*Task directions*. Take the records below from their first line through the line holding "Please identify and", and set each of those lines down exactly, without pictures.
• • • • • • •
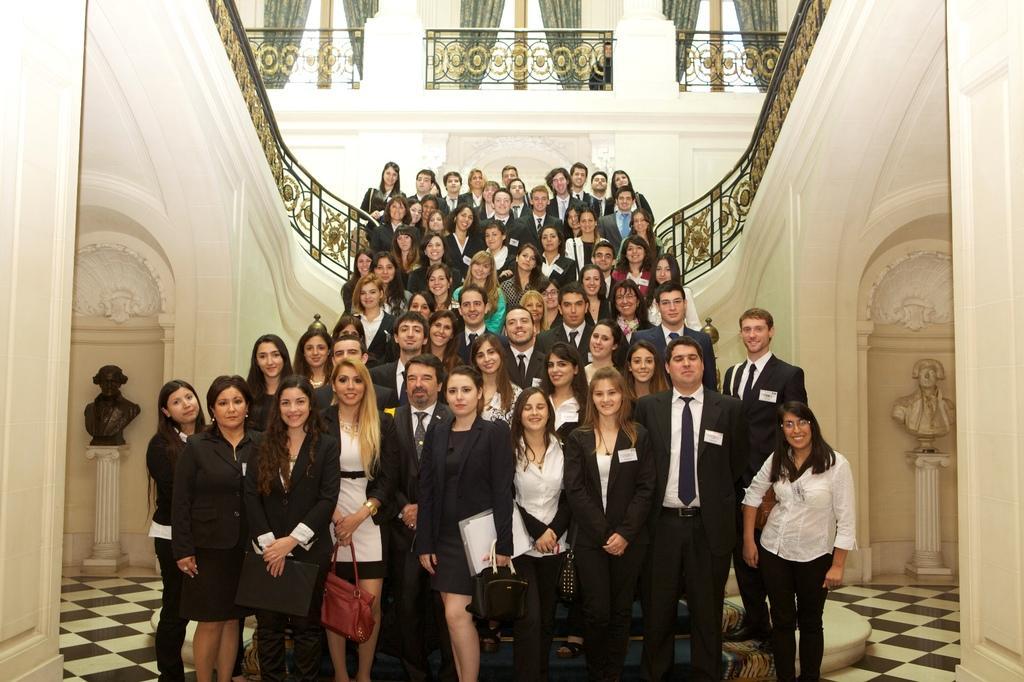Can you describe this image briefly? This image is taken indoors. At the bottom of the image there is a floor. In the background there are a few walls with carvings. On the left and right sides of the image there are two walls, pillars and statues. At the top of the image there are a few railings and windows with curtains. In the middle of the image many people are standing on the stairs and a few are standing on the floor and they are with smiling faces. 
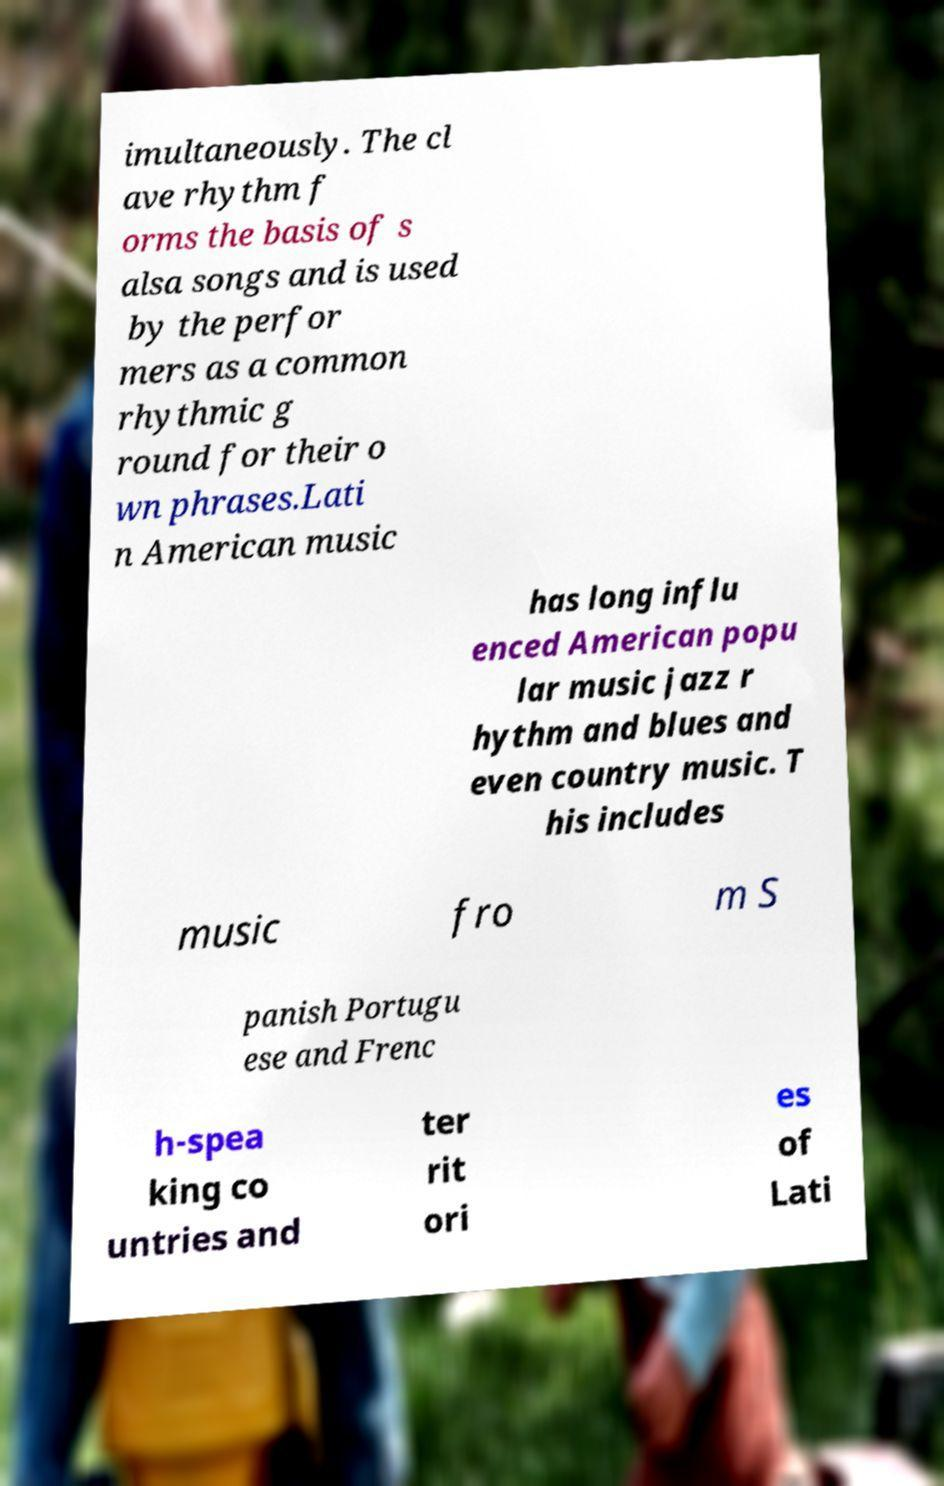Please identify and transcribe the text found in this image. imultaneously. The cl ave rhythm f orms the basis of s alsa songs and is used by the perfor mers as a common rhythmic g round for their o wn phrases.Lati n American music has long influ enced American popu lar music jazz r hythm and blues and even country music. T his includes music fro m S panish Portugu ese and Frenc h-spea king co untries and ter rit ori es of Lati 
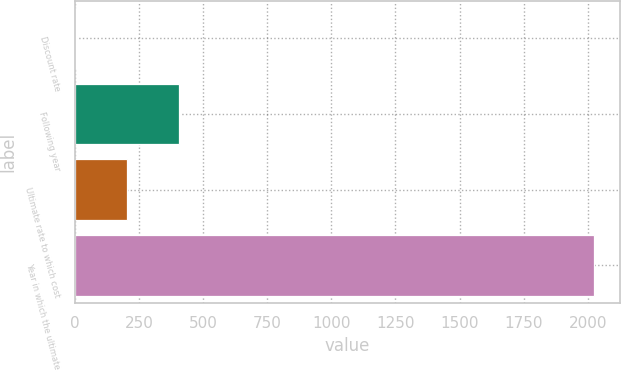<chart> <loc_0><loc_0><loc_500><loc_500><bar_chart><fcel>Discount rate<fcel>Following year<fcel>Ultimate rate to which cost<fcel>Year in which the ultimate<nl><fcel>3.2<fcel>407.16<fcel>205.18<fcel>2023<nl></chart> 
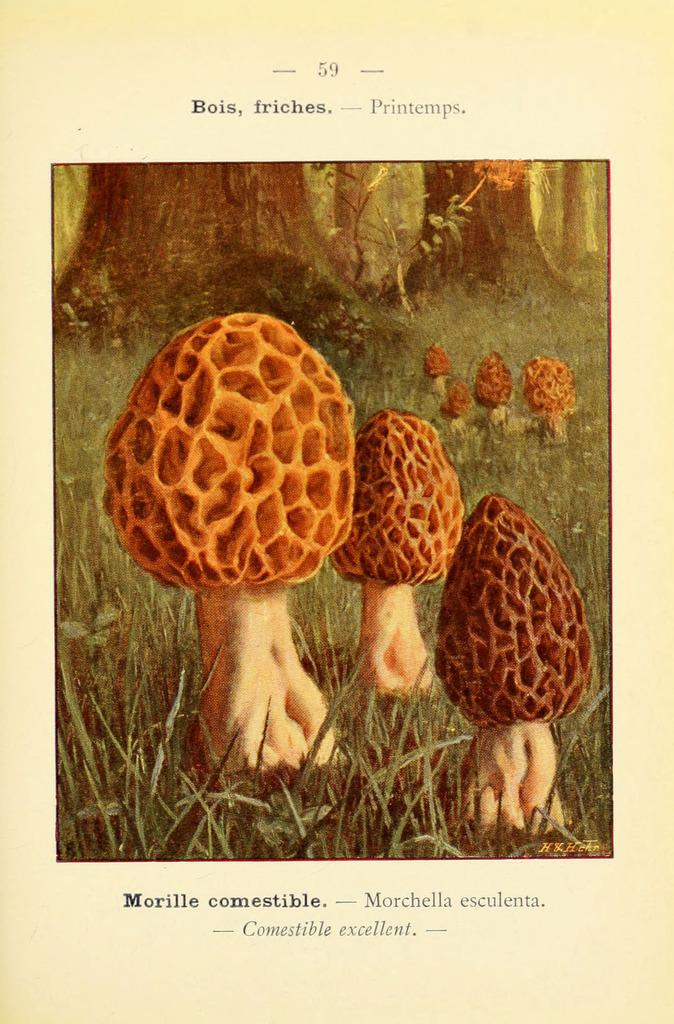What is the main subject of the poster in the image? The poster contains images of mushrooms. What else can be seen on the poster besides the mushroom images? There is text written on the poster. What type of natural environment is depicted in the image? There is a tree trunk and grass in the image, suggesting a forest or park setting. Is there a rat driving a car in the image? No, there is no rat or car present in the image. What type of crime is being committed in the image? There is no crime depicted in the image; it features a poster with mushroom images and text. 
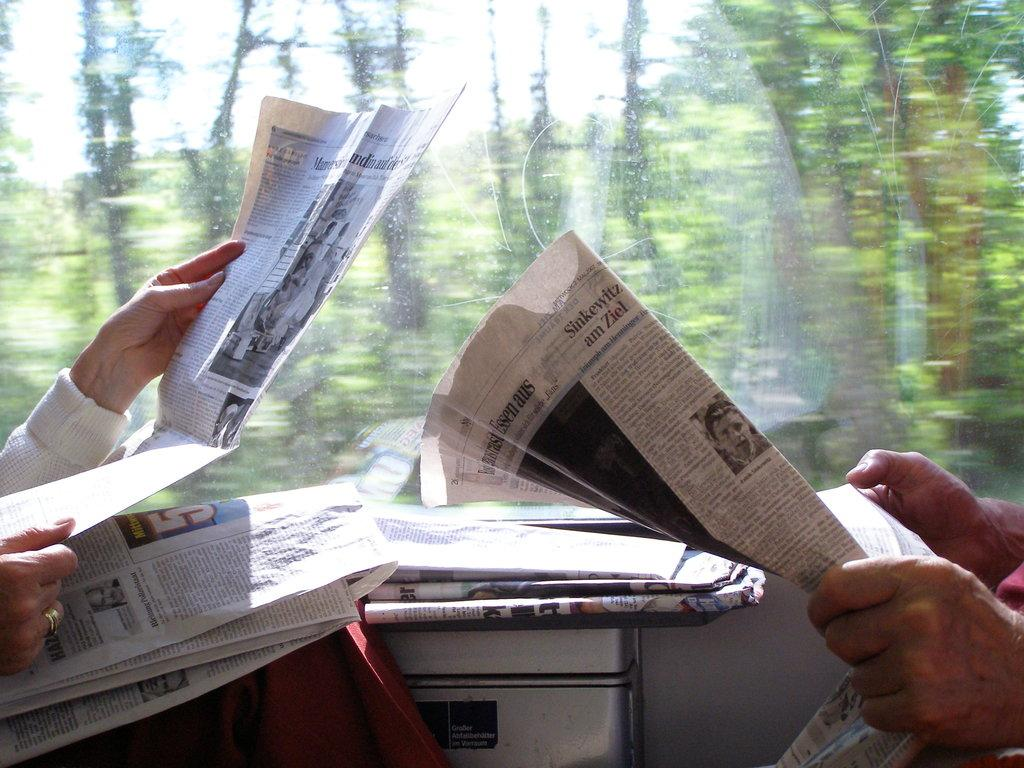How many people are present in the image? There are two people in the image. What are the two people holding in the image? The two people are holding newspapers. What can be seen through the window in the image? Trees are visible through the window in the image. What type of beam is being used to support the map in the image? There is no map or beam present in the image; it features two people holding newspapers and trees visible through a window. 
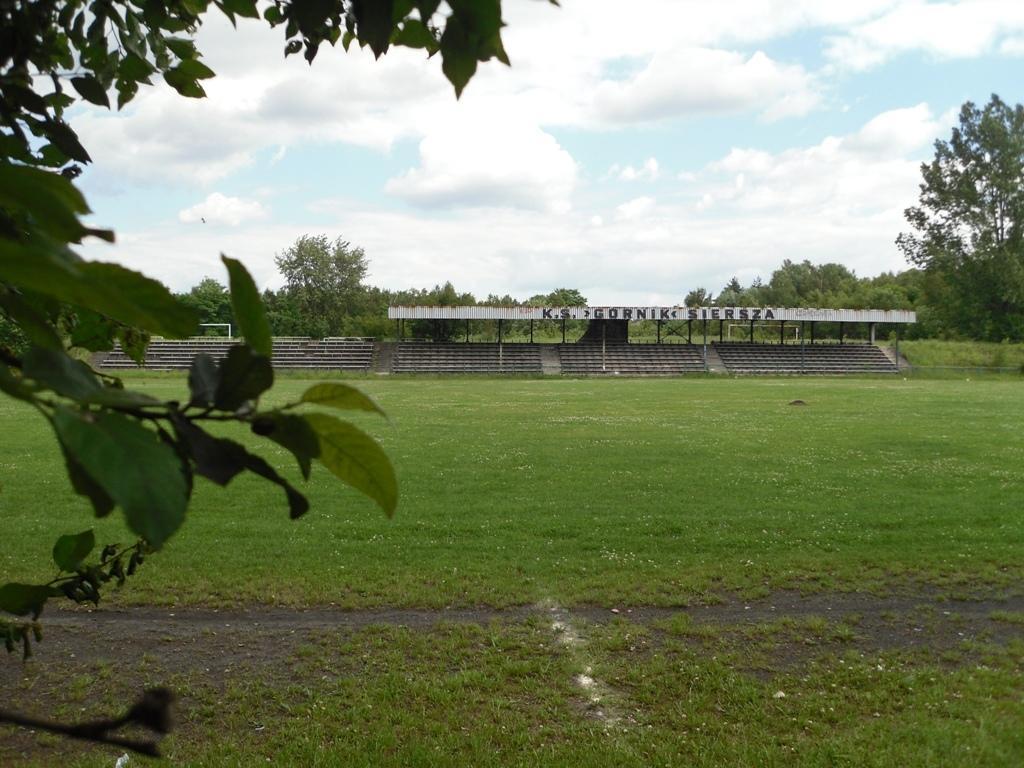Could you give a brief overview of what you see in this image? In this picture there is a shirt, beside that i can see the stairs. In the background i can see many trees. On the right there is a bird which is flying in the air. On the right i can see the plants and grass. At the top i can see the sky and clouds.
• • • • • • •
*Your solution*.
Can you describe this image briefly? This image is taken indoors. At the bottom of the image there is a floor. In the background there are a few walls with carvings. On the left and right sides of the image there are two walls, pillars and statues. At the top of the image there are a few railings and windows with curtains. In the middle of the image many people are standing on the stairs and a few are standing on the floor and they are with smiling faces. 
Please identify and transcribe the text found in this image. imultaneously. The cl ave rhythm f orms the basis of s alsa songs and is used by the perfor mers as a common rhythmic g round for their o wn phrases.Lati n American music has long influ enced American popu lar music jazz r hythm and blues and even country music. T his includes music fro m S panish Portugu ese and Frenc h-spea king co untries and ter rit ori es of Lati 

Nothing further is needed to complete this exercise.